I started playing around with the antennas on the back of the router, I was getting around 30 down and 0.8 - 1 up. So I switched the antennas around and did another test, this time I was getting the best speeds for a long time 30 up and 50 down.

Now, the weird thing is that if I unplug the antenna from the port labelled DIV, I get the exact same results. Almost like the MiMo is not working.

So, i've just left one antenna wire plugged into the MAIN antenna port.

Any idea why this could be?
The huge difference in upload speed by swapping the antennas leads indicates a problem with either the antenna, coaxial lead/connector or the TS9 to SMA pigtail that you moved to the DIV port.

Try swapping the two TS9 to SMA pigtails around with the current antenna lead that you have connected.
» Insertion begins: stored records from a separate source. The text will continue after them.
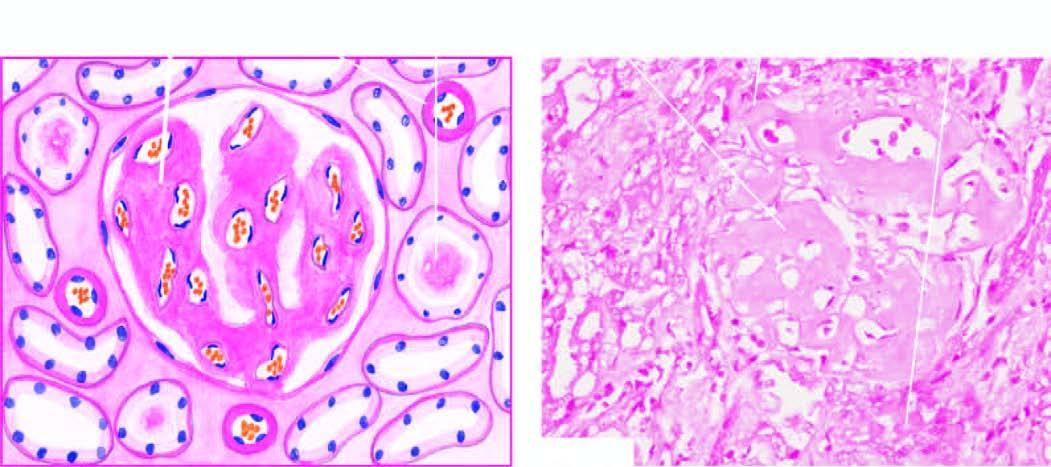re the deposits also present in peritubular connective tissue producing atrophic tubules?
Answer the question using a single word or phrase. Yes 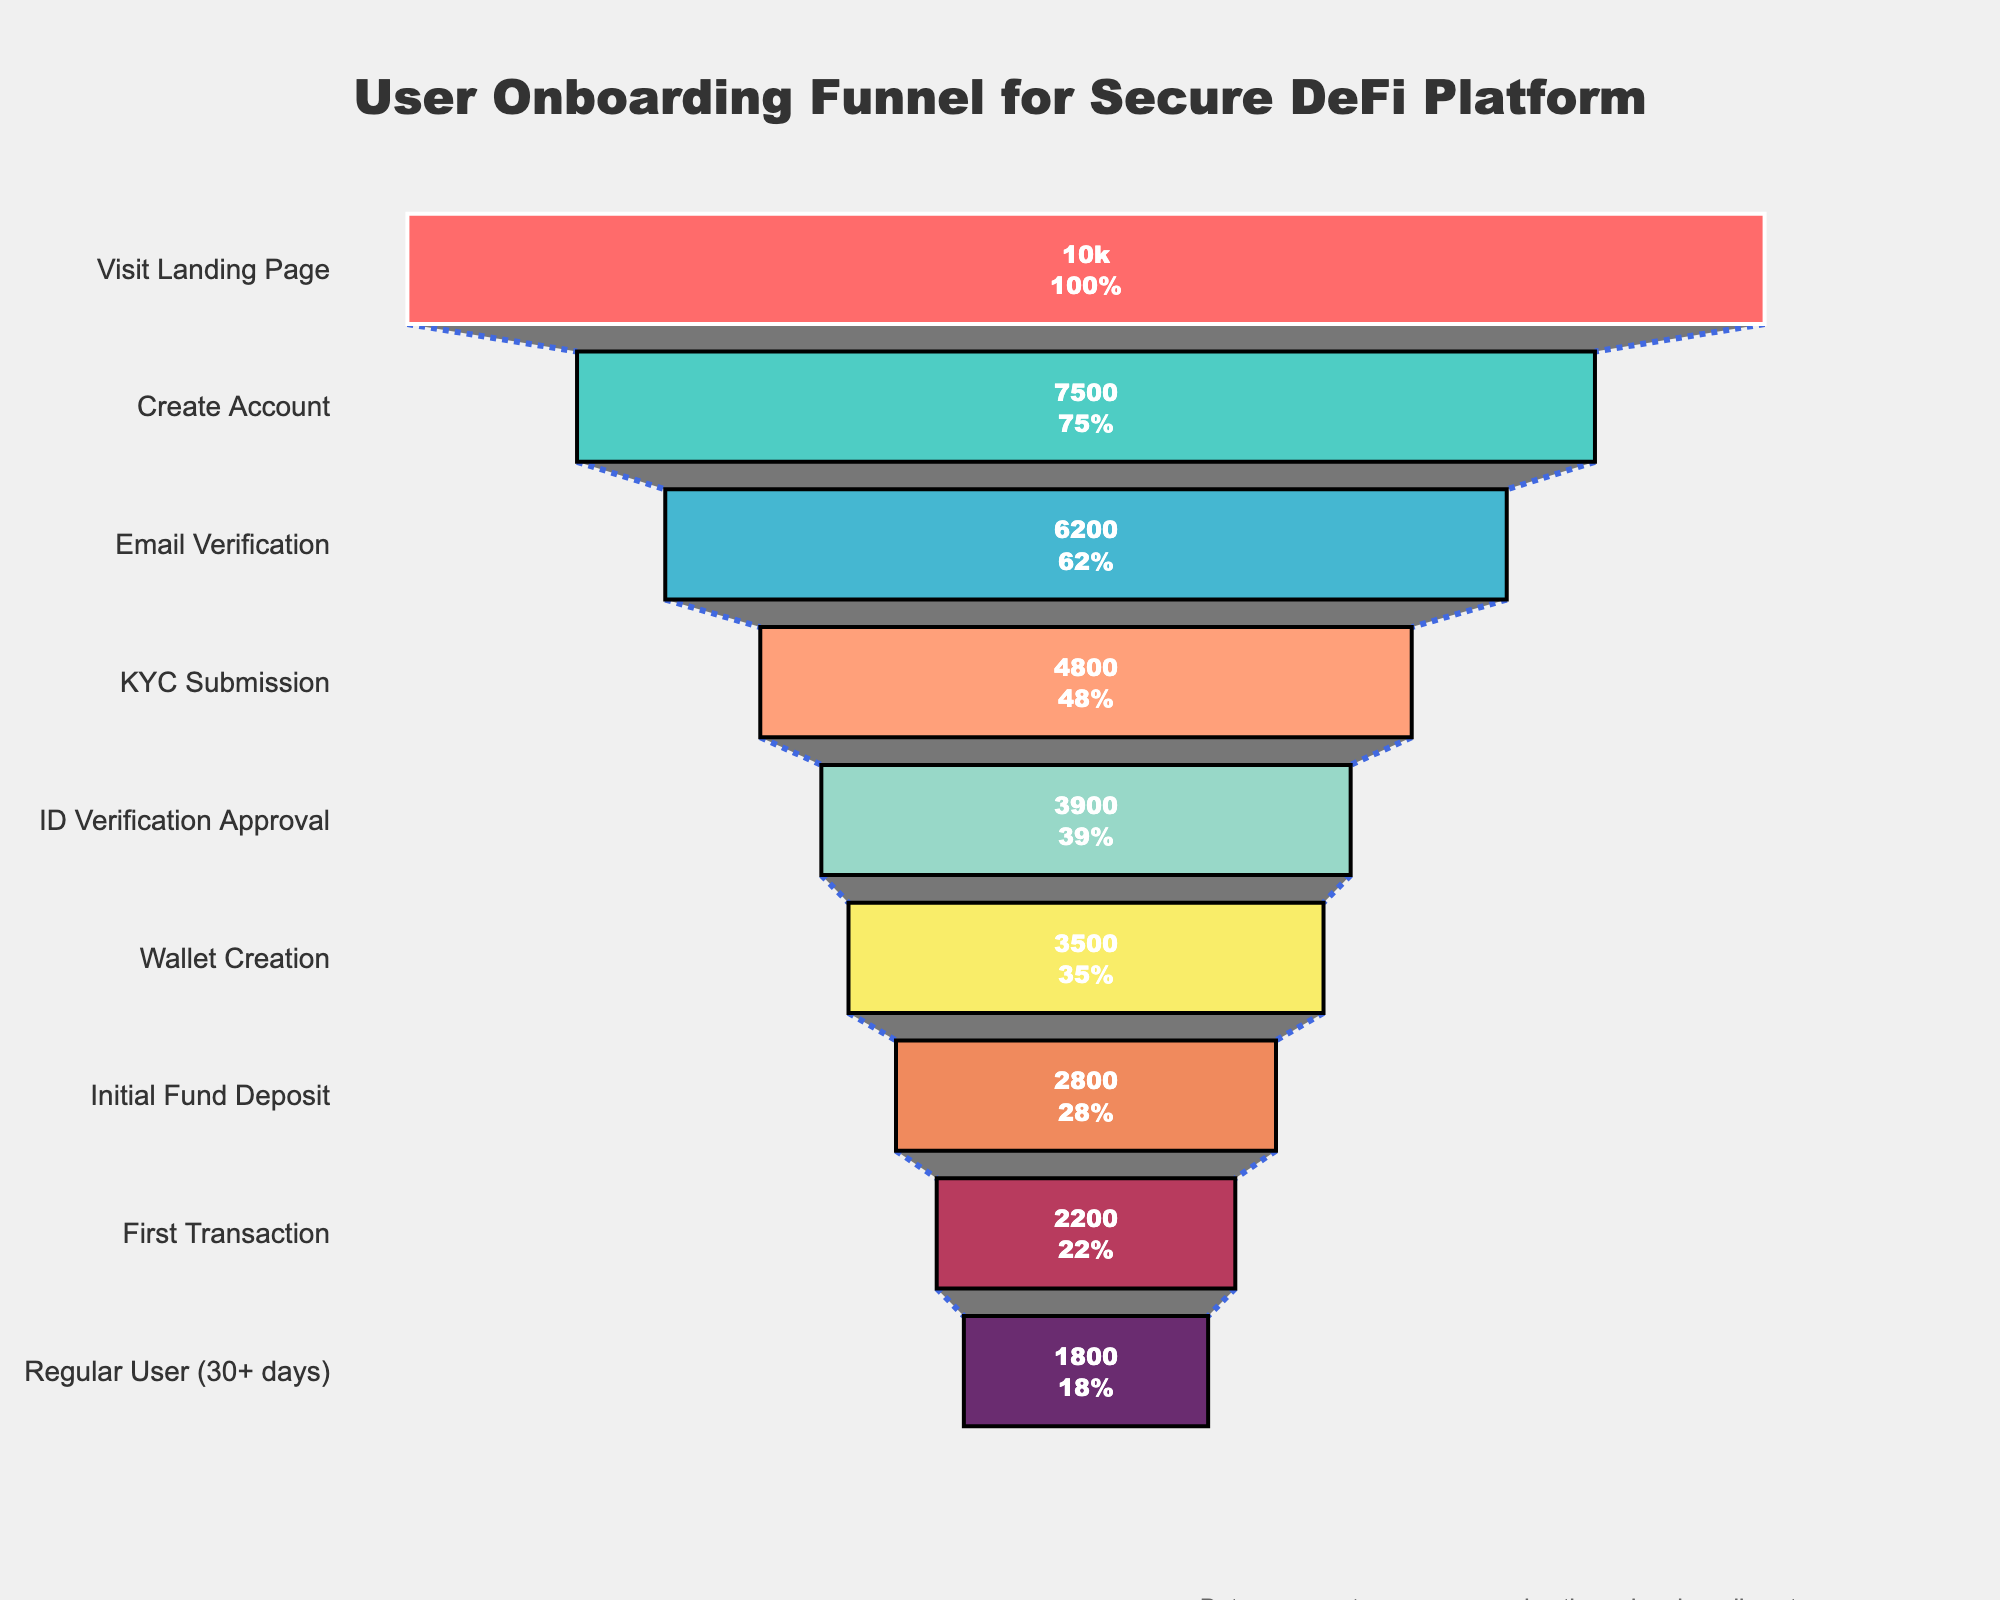What's the title of the funnel chart? The title of the funnel chart is displayed prominently at the top of the figure, which states the purpose or focus of the visualization.
Answer: User Onboarding Funnel for Secure DeFi Platform How many users completed the first transaction? The figure presents the number of users who reach each step of the onboarding process. Locate the step labeled "First Transaction" and refer to its associated user count.
Answer: 2200 What percentage of users completed the KYC Submission compared to the total visits to the landing page? The percentage for each step is calculated by dividing the number of users at that step by the number of users at the first step (Visit Landing Page) and then multiplying by 100. For KYC Submission: (4800/10000) * 100.
Answer: 48% What is the decrease in user count from Create Account to Email Verification? Subtract the number of users in the Email Verification step from the number of users in the Create Account step: 7500 - 6200.
Answer: 1300 Compare the number of users who completed ID Verification Approval and Wallet Creation. Which step had more users? Locate the steps "ID Verification Approval" and "Wallet Creation." Compare their user counts: 3900 (ID Verification Approval) vs 3500 (Wallet Creation).
Answer: ID Verification Approval What is the difference in completion rate between Initial Fund Deposit and Regular User (30+ days)? Compute the completion rate as the percentage of users for each respective step: Initial Fund Deposit (2800/10000) * 100 and Regular User (30+ days) (1800/10000) * 100, then find the difference (28% - 18%).
Answer: 10% How many steps are there in the user onboarding process? Count the number of distinct steps listed along the y-axis of the funnel chart, representing different stages of the user journey.
Answer: 9 At which step is there the highest drop-off rate? To determine the highest drop-off rate, identify where the difference between the user counts for consecutive steps is the largest. Analyze the differences between each step to find the maximum drop-off.
Answer: Create Account to Email Verification Which step in the funnel has the highest percentage of users from the original visit count? Identify the step with the most remaining users as a percentage of the initial visits, which translates to the highest bar in the funnel chart. The initial visit count is set at 10000 users, so all percentages are relative to this number.
Answer: Visit Landing Page 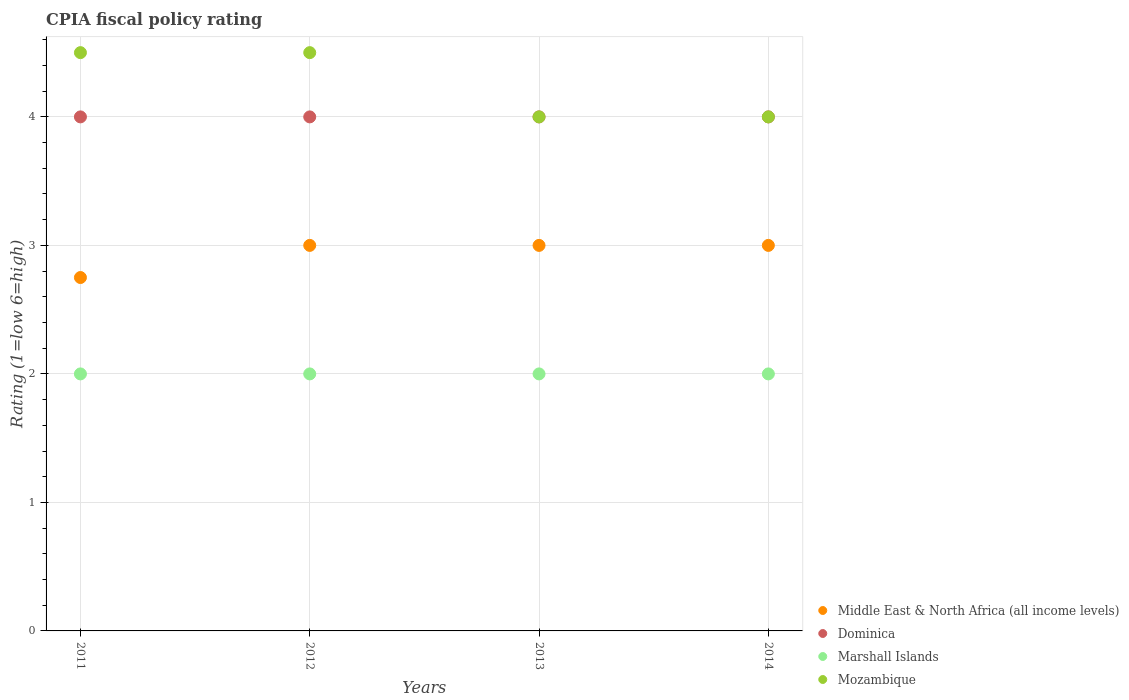How many different coloured dotlines are there?
Make the answer very short. 4. What is the CPIA rating in Dominica in 2011?
Your answer should be compact. 4. Across all years, what is the maximum CPIA rating in Dominica?
Keep it short and to the point. 4. Across all years, what is the minimum CPIA rating in Dominica?
Your answer should be compact. 4. In which year was the CPIA rating in Mozambique maximum?
Provide a short and direct response. 2011. In which year was the CPIA rating in Mozambique minimum?
Ensure brevity in your answer.  2013. What is the difference between the CPIA rating in Middle East & North Africa (all income levels) in 2011 and that in 2014?
Your response must be concise. -0.25. What is the average CPIA rating in Marshall Islands per year?
Your response must be concise. 2. In the year 2012, what is the difference between the CPIA rating in Dominica and CPIA rating in Marshall Islands?
Ensure brevity in your answer.  2. What is the difference between the highest and the second highest CPIA rating in Marshall Islands?
Keep it short and to the point. 0. Is it the case that in every year, the sum of the CPIA rating in Middle East & North Africa (all income levels) and CPIA rating in Marshall Islands  is greater than the CPIA rating in Dominica?
Keep it short and to the point. Yes. Does the CPIA rating in Dominica monotonically increase over the years?
Provide a succinct answer. No. How many dotlines are there?
Your response must be concise. 4. How many years are there in the graph?
Keep it short and to the point. 4. Are the values on the major ticks of Y-axis written in scientific E-notation?
Offer a very short reply. No. Does the graph contain grids?
Your answer should be very brief. Yes. How are the legend labels stacked?
Offer a very short reply. Vertical. What is the title of the graph?
Ensure brevity in your answer.  CPIA fiscal policy rating. Does "Fiji" appear as one of the legend labels in the graph?
Offer a very short reply. No. What is the label or title of the Y-axis?
Ensure brevity in your answer.  Rating (1=low 6=high). What is the Rating (1=low 6=high) in Middle East & North Africa (all income levels) in 2011?
Your response must be concise. 2.75. What is the Rating (1=low 6=high) in Dominica in 2011?
Offer a terse response. 4. What is the Rating (1=low 6=high) in Mozambique in 2011?
Your answer should be very brief. 4.5. What is the Rating (1=low 6=high) in Middle East & North Africa (all income levels) in 2013?
Offer a terse response. 3. What is the Rating (1=low 6=high) of Dominica in 2013?
Provide a short and direct response. 4. What is the Rating (1=low 6=high) of Marshall Islands in 2013?
Ensure brevity in your answer.  2. What is the Rating (1=low 6=high) in Mozambique in 2013?
Your answer should be compact. 4. What is the Rating (1=low 6=high) in Dominica in 2014?
Your answer should be compact. 4. Across all years, what is the maximum Rating (1=low 6=high) of Dominica?
Make the answer very short. 4. Across all years, what is the maximum Rating (1=low 6=high) of Marshall Islands?
Make the answer very short. 2. Across all years, what is the minimum Rating (1=low 6=high) in Middle East & North Africa (all income levels)?
Your response must be concise. 2.75. What is the total Rating (1=low 6=high) in Middle East & North Africa (all income levels) in the graph?
Your answer should be compact. 11.75. What is the total Rating (1=low 6=high) of Marshall Islands in the graph?
Offer a terse response. 8. What is the total Rating (1=low 6=high) of Mozambique in the graph?
Ensure brevity in your answer.  17. What is the difference between the Rating (1=low 6=high) of Marshall Islands in 2011 and that in 2012?
Give a very brief answer. 0. What is the difference between the Rating (1=low 6=high) of Mozambique in 2011 and that in 2012?
Your response must be concise. 0. What is the difference between the Rating (1=low 6=high) in Dominica in 2011 and that in 2013?
Your answer should be compact. 0. What is the difference between the Rating (1=low 6=high) of Marshall Islands in 2011 and that in 2014?
Your response must be concise. 0. What is the difference between the Rating (1=low 6=high) of Dominica in 2012 and that in 2013?
Offer a very short reply. 0. What is the difference between the Rating (1=low 6=high) of Marshall Islands in 2012 and that in 2013?
Make the answer very short. 0. What is the difference between the Rating (1=low 6=high) of Mozambique in 2012 and that in 2013?
Give a very brief answer. 0.5. What is the difference between the Rating (1=low 6=high) in Marshall Islands in 2012 and that in 2014?
Make the answer very short. 0. What is the difference between the Rating (1=low 6=high) of Mozambique in 2012 and that in 2014?
Provide a succinct answer. 0.5. What is the difference between the Rating (1=low 6=high) of Middle East & North Africa (all income levels) in 2013 and that in 2014?
Offer a very short reply. 0. What is the difference between the Rating (1=low 6=high) in Marshall Islands in 2013 and that in 2014?
Keep it short and to the point. 0. What is the difference between the Rating (1=low 6=high) in Mozambique in 2013 and that in 2014?
Give a very brief answer. 0. What is the difference between the Rating (1=low 6=high) of Middle East & North Africa (all income levels) in 2011 and the Rating (1=low 6=high) of Dominica in 2012?
Your answer should be compact. -1.25. What is the difference between the Rating (1=low 6=high) in Middle East & North Africa (all income levels) in 2011 and the Rating (1=low 6=high) in Mozambique in 2012?
Offer a terse response. -1.75. What is the difference between the Rating (1=low 6=high) of Marshall Islands in 2011 and the Rating (1=low 6=high) of Mozambique in 2012?
Give a very brief answer. -2.5. What is the difference between the Rating (1=low 6=high) of Middle East & North Africa (all income levels) in 2011 and the Rating (1=low 6=high) of Dominica in 2013?
Provide a short and direct response. -1.25. What is the difference between the Rating (1=low 6=high) of Middle East & North Africa (all income levels) in 2011 and the Rating (1=low 6=high) of Mozambique in 2013?
Offer a terse response. -1.25. What is the difference between the Rating (1=low 6=high) of Dominica in 2011 and the Rating (1=low 6=high) of Marshall Islands in 2013?
Give a very brief answer. 2. What is the difference between the Rating (1=low 6=high) of Marshall Islands in 2011 and the Rating (1=low 6=high) of Mozambique in 2013?
Give a very brief answer. -2. What is the difference between the Rating (1=low 6=high) of Middle East & North Africa (all income levels) in 2011 and the Rating (1=low 6=high) of Dominica in 2014?
Your answer should be very brief. -1.25. What is the difference between the Rating (1=low 6=high) of Middle East & North Africa (all income levels) in 2011 and the Rating (1=low 6=high) of Mozambique in 2014?
Provide a short and direct response. -1.25. What is the difference between the Rating (1=low 6=high) in Middle East & North Africa (all income levels) in 2012 and the Rating (1=low 6=high) in Dominica in 2013?
Provide a short and direct response. -1. What is the difference between the Rating (1=low 6=high) of Dominica in 2012 and the Rating (1=low 6=high) of Mozambique in 2013?
Give a very brief answer. 0. What is the difference between the Rating (1=low 6=high) of Marshall Islands in 2012 and the Rating (1=low 6=high) of Mozambique in 2013?
Provide a short and direct response. -2. What is the difference between the Rating (1=low 6=high) in Middle East & North Africa (all income levels) in 2012 and the Rating (1=low 6=high) in Dominica in 2014?
Your answer should be compact. -1. What is the difference between the Rating (1=low 6=high) of Middle East & North Africa (all income levels) in 2012 and the Rating (1=low 6=high) of Marshall Islands in 2014?
Ensure brevity in your answer.  1. What is the difference between the Rating (1=low 6=high) in Dominica in 2012 and the Rating (1=low 6=high) in Marshall Islands in 2014?
Your answer should be very brief. 2. What is the difference between the Rating (1=low 6=high) in Dominica in 2012 and the Rating (1=low 6=high) in Mozambique in 2014?
Offer a very short reply. 0. What is the difference between the Rating (1=low 6=high) in Middle East & North Africa (all income levels) in 2013 and the Rating (1=low 6=high) in Dominica in 2014?
Ensure brevity in your answer.  -1. What is the difference between the Rating (1=low 6=high) of Middle East & North Africa (all income levels) in 2013 and the Rating (1=low 6=high) of Mozambique in 2014?
Make the answer very short. -1. What is the difference between the Rating (1=low 6=high) of Dominica in 2013 and the Rating (1=low 6=high) of Marshall Islands in 2014?
Offer a terse response. 2. What is the difference between the Rating (1=low 6=high) of Dominica in 2013 and the Rating (1=low 6=high) of Mozambique in 2014?
Offer a very short reply. 0. What is the average Rating (1=low 6=high) in Middle East & North Africa (all income levels) per year?
Offer a very short reply. 2.94. What is the average Rating (1=low 6=high) of Mozambique per year?
Ensure brevity in your answer.  4.25. In the year 2011, what is the difference between the Rating (1=low 6=high) in Middle East & North Africa (all income levels) and Rating (1=low 6=high) in Dominica?
Keep it short and to the point. -1.25. In the year 2011, what is the difference between the Rating (1=low 6=high) of Middle East & North Africa (all income levels) and Rating (1=low 6=high) of Mozambique?
Ensure brevity in your answer.  -1.75. In the year 2011, what is the difference between the Rating (1=low 6=high) in Dominica and Rating (1=low 6=high) in Mozambique?
Provide a short and direct response. -0.5. In the year 2011, what is the difference between the Rating (1=low 6=high) of Marshall Islands and Rating (1=low 6=high) of Mozambique?
Your answer should be very brief. -2.5. In the year 2012, what is the difference between the Rating (1=low 6=high) in Middle East & North Africa (all income levels) and Rating (1=low 6=high) in Marshall Islands?
Your answer should be very brief. 1. In the year 2012, what is the difference between the Rating (1=low 6=high) in Middle East & North Africa (all income levels) and Rating (1=low 6=high) in Mozambique?
Give a very brief answer. -1.5. In the year 2012, what is the difference between the Rating (1=low 6=high) in Dominica and Rating (1=low 6=high) in Marshall Islands?
Provide a short and direct response. 2. In the year 2012, what is the difference between the Rating (1=low 6=high) in Dominica and Rating (1=low 6=high) in Mozambique?
Your response must be concise. -0.5. In the year 2013, what is the difference between the Rating (1=low 6=high) in Middle East & North Africa (all income levels) and Rating (1=low 6=high) in Mozambique?
Provide a succinct answer. -1. In the year 2013, what is the difference between the Rating (1=low 6=high) in Marshall Islands and Rating (1=low 6=high) in Mozambique?
Your answer should be compact. -2. In the year 2014, what is the difference between the Rating (1=low 6=high) in Dominica and Rating (1=low 6=high) in Marshall Islands?
Offer a very short reply. 2. In the year 2014, what is the difference between the Rating (1=low 6=high) of Marshall Islands and Rating (1=low 6=high) of Mozambique?
Keep it short and to the point. -2. What is the ratio of the Rating (1=low 6=high) in Dominica in 2011 to that in 2012?
Give a very brief answer. 1. What is the ratio of the Rating (1=low 6=high) of Marshall Islands in 2011 to that in 2012?
Provide a short and direct response. 1. What is the ratio of the Rating (1=low 6=high) of Mozambique in 2011 to that in 2012?
Provide a short and direct response. 1. What is the ratio of the Rating (1=low 6=high) of Middle East & North Africa (all income levels) in 2011 to that in 2013?
Provide a succinct answer. 0.92. What is the ratio of the Rating (1=low 6=high) in Dominica in 2011 to that in 2013?
Provide a succinct answer. 1. What is the ratio of the Rating (1=low 6=high) in Marshall Islands in 2011 to that in 2013?
Your response must be concise. 1. What is the ratio of the Rating (1=low 6=high) in Mozambique in 2011 to that in 2013?
Your response must be concise. 1.12. What is the ratio of the Rating (1=low 6=high) in Middle East & North Africa (all income levels) in 2011 to that in 2014?
Your response must be concise. 0.92. What is the ratio of the Rating (1=low 6=high) of Dominica in 2011 to that in 2014?
Make the answer very short. 1. What is the ratio of the Rating (1=low 6=high) in Middle East & North Africa (all income levels) in 2012 to that in 2014?
Make the answer very short. 1. What is the ratio of the Rating (1=low 6=high) in Mozambique in 2012 to that in 2014?
Offer a terse response. 1.12. What is the difference between the highest and the second highest Rating (1=low 6=high) of Marshall Islands?
Your answer should be compact. 0. What is the difference between the highest and the lowest Rating (1=low 6=high) in Dominica?
Offer a very short reply. 0. What is the difference between the highest and the lowest Rating (1=low 6=high) of Marshall Islands?
Keep it short and to the point. 0. What is the difference between the highest and the lowest Rating (1=low 6=high) of Mozambique?
Provide a succinct answer. 0.5.

If the speed drops, then this TS9 to SMA pigtail is faulty. Otherwise the problem is with the other antenna or its coaxial lead/connector. In this case, check the pin in the SMA connector is not bent or loose.

With the missing cell ID on CellMapper it is probably has not been mapped yet, particularly if you seen the missing cell ID appear on your phone or router. CellMapper mainly gets its cell information from users running the CellMapper App in the background while travelling. Whenever it discovers new cell IDs, it adds these to the map based on the phone's GPS coordinates, eNB ID, signal readings, etc. Another possibility is that the mast only operates band 3 on the affected sector.